(Records from a dataset)
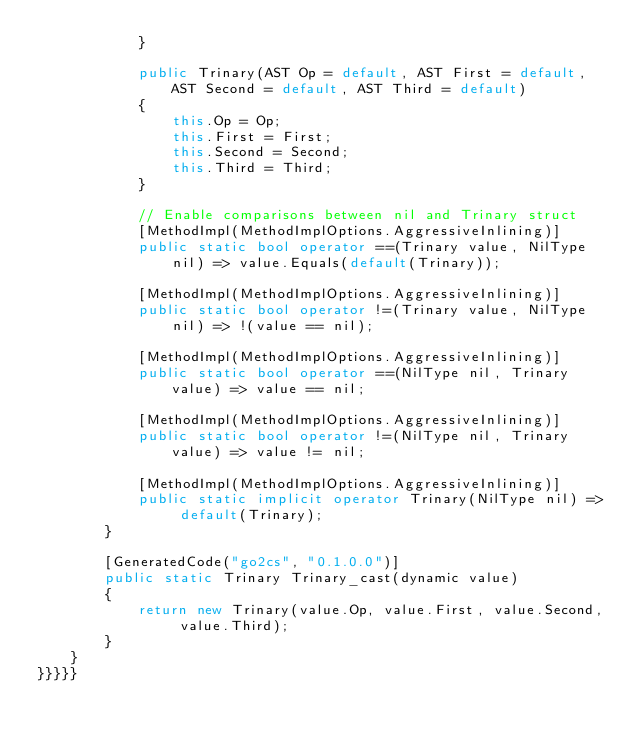Convert code to text. <code><loc_0><loc_0><loc_500><loc_500><_C#_>            }

            public Trinary(AST Op = default, AST First = default, AST Second = default, AST Third = default)
            {
                this.Op = Op;
                this.First = First;
                this.Second = Second;
                this.Third = Third;
            }

            // Enable comparisons between nil and Trinary struct
            [MethodImpl(MethodImplOptions.AggressiveInlining)]
            public static bool operator ==(Trinary value, NilType nil) => value.Equals(default(Trinary));

            [MethodImpl(MethodImplOptions.AggressiveInlining)]
            public static bool operator !=(Trinary value, NilType nil) => !(value == nil);

            [MethodImpl(MethodImplOptions.AggressiveInlining)]
            public static bool operator ==(NilType nil, Trinary value) => value == nil;

            [MethodImpl(MethodImplOptions.AggressiveInlining)]
            public static bool operator !=(NilType nil, Trinary value) => value != nil;

            [MethodImpl(MethodImplOptions.AggressiveInlining)]
            public static implicit operator Trinary(NilType nil) => default(Trinary);
        }

        [GeneratedCode("go2cs", "0.1.0.0")]
        public static Trinary Trinary_cast(dynamic value)
        {
            return new Trinary(value.Op, value.First, value.Second, value.Third);
        }
    }
}}}}}</code> 
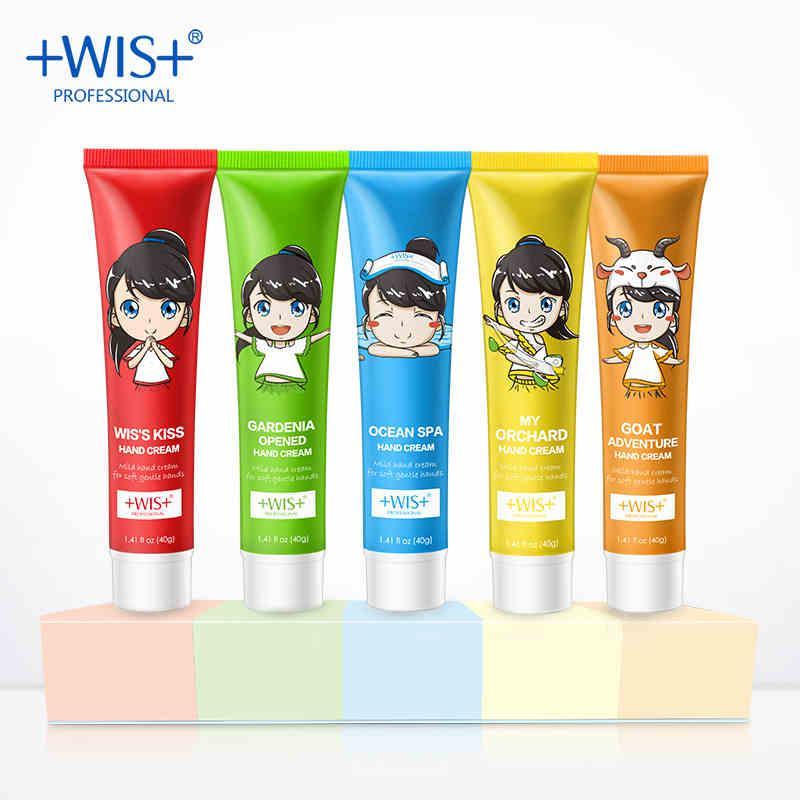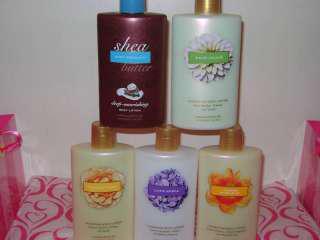The first image is the image on the left, the second image is the image on the right. Assess this claim about the two images: "The right image shows just two skincare items side-by-side.". Correct or not? Answer yes or no. No. The first image is the image on the left, the second image is the image on the right. For the images displayed, is the sentence "At least ten lotion-type products are shown in total." factually correct? Answer yes or no. Yes. 
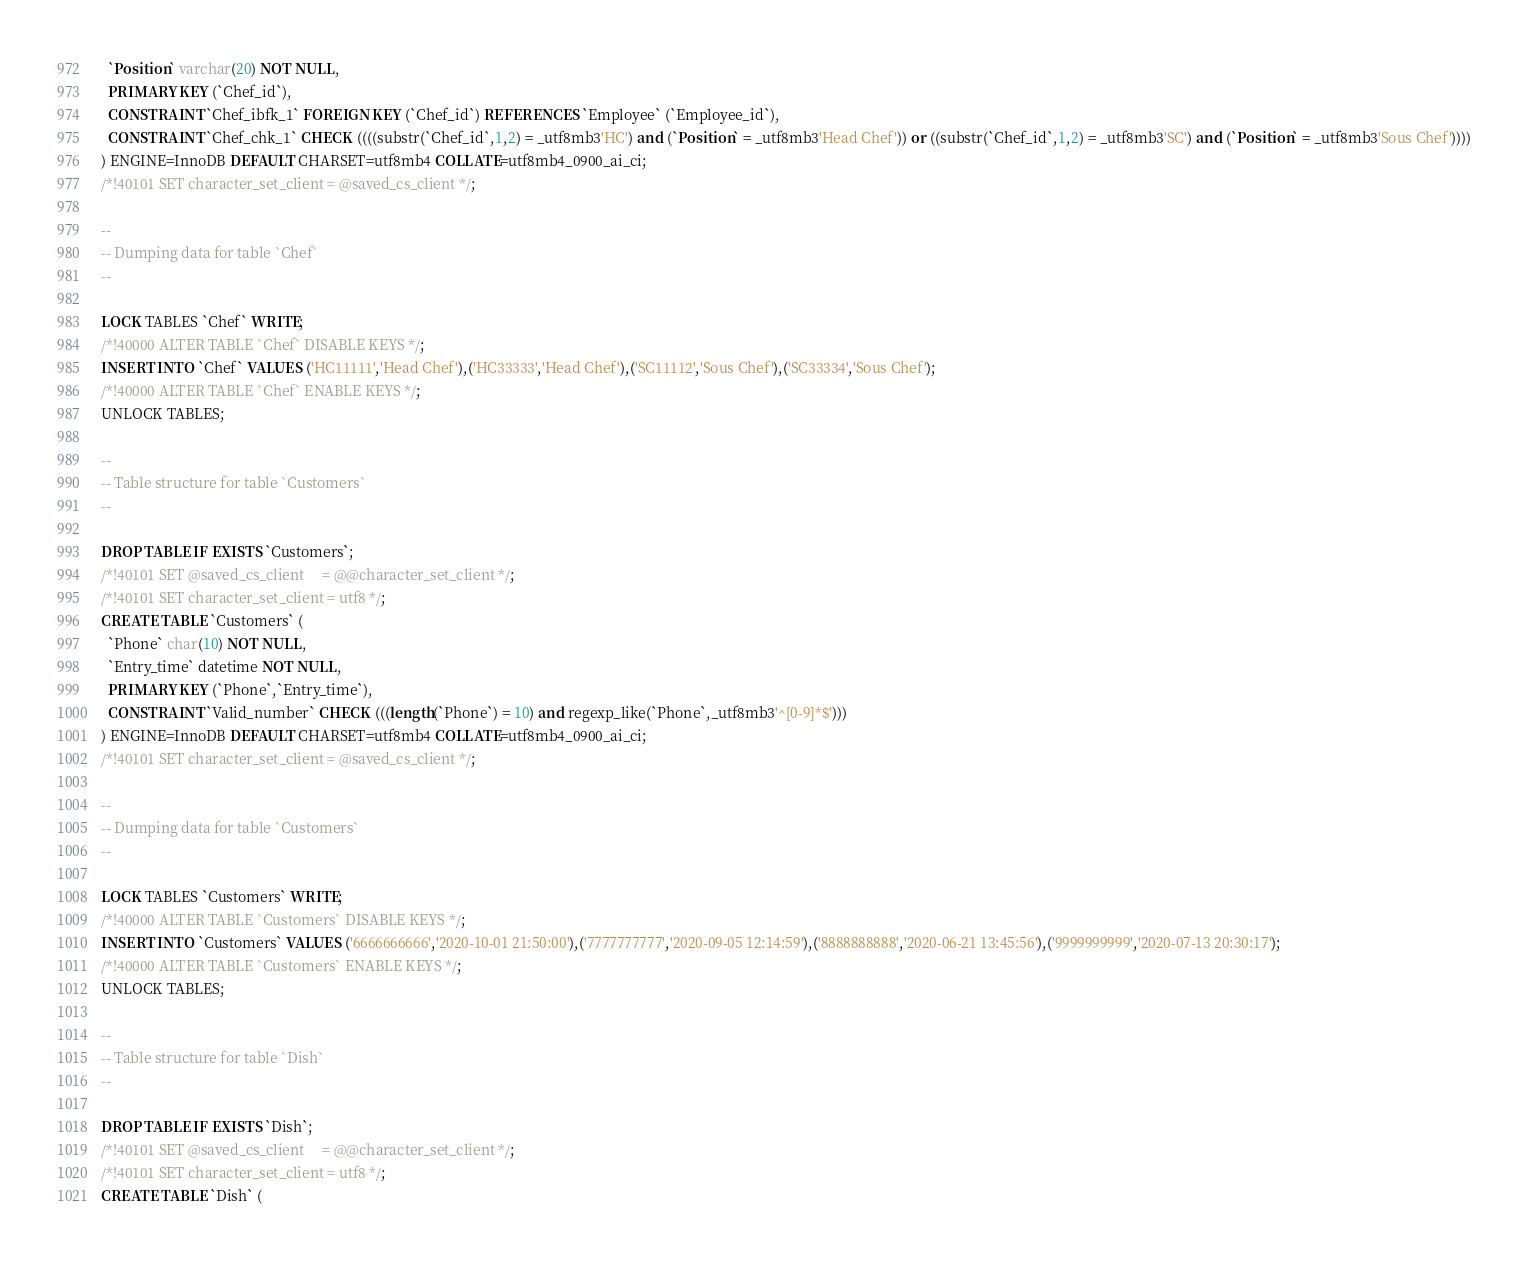<code> <loc_0><loc_0><loc_500><loc_500><_SQL_>  `Position` varchar(20) NOT NULL,
  PRIMARY KEY (`Chef_id`),
  CONSTRAINT `Chef_ibfk_1` FOREIGN KEY (`Chef_id`) REFERENCES `Employee` (`Employee_id`),
  CONSTRAINT `Chef_chk_1` CHECK ((((substr(`Chef_id`,1,2) = _utf8mb3'HC') and (`Position` = _utf8mb3'Head Chef')) or ((substr(`Chef_id`,1,2) = _utf8mb3'SC') and (`Position` = _utf8mb3'Sous Chef'))))
) ENGINE=InnoDB DEFAULT CHARSET=utf8mb4 COLLATE=utf8mb4_0900_ai_ci;
/*!40101 SET character_set_client = @saved_cs_client */;

--
-- Dumping data for table `Chef`
--

LOCK TABLES `Chef` WRITE;
/*!40000 ALTER TABLE `Chef` DISABLE KEYS */;
INSERT INTO `Chef` VALUES ('HC11111','Head Chef'),('HC33333','Head Chef'),('SC11112','Sous Chef'),('SC33334','Sous Chef');
/*!40000 ALTER TABLE `Chef` ENABLE KEYS */;
UNLOCK TABLES;

--
-- Table structure for table `Customers`
--

DROP TABLE IF EXISTS `Customers`;
/*!40101 SET @saved_cs_client     = @@character_set_client */;
/*!40101 SET character_set_client = utf8 */;
CREATE TABLE `Customers` (
  `Phone` char(10) NOT NULL,
  `Entry_time` datetime NOT NULL,
  PRIMARY KEY (`Phone`,`Entry_time`),
  CONSTRAINT `Valid_number` CHECK (((length(`Phone`) = 10) and regexp_like(`Phone`,_utf8mb3'^[0-9]*$')))
) ENGINE=InnoDB DEFAULT CHARSET=utf8mb4 COLLATE=utf8mb4_0900_ai_ci;
/*!40101 SET character_set_client = @saved_cs_client */;

--
-- Dumping data for table `Customers`
--

LOCK TABLES `Customers` WRITE;
/*!40000 ALTER TABLE `Customers` DISABLE KEYS */;
INSERT INTO `Customers` VALUES ('6666666666','2020-10-01 21:50:00'),('7777777777','2020-09-05 12:14:59'),('8888888888','2020-06-21 13:45:56'),('9999999999','2020-07-13 20:30:17');
/*!40000 ALTER TABLE `Customers` ENABLE KEYS */;
UNLOCK TABLES;

--
-- Table structure for table `Dish`
--

DROP TABLE IF EXISTS `Dish`;
/*!40101 SET @saved_cs_client     = @@character_set_client */;
/*!40101 SET character_set_client = utf8 */;
CREATE TABLE `Dish` (</code>

**Instructions to follow:** Check every line above for the word "structure" and copy those that have it.

**Answer to the problem:**
-- Table structure for table `Customers`
-- Table structure for table `Dish`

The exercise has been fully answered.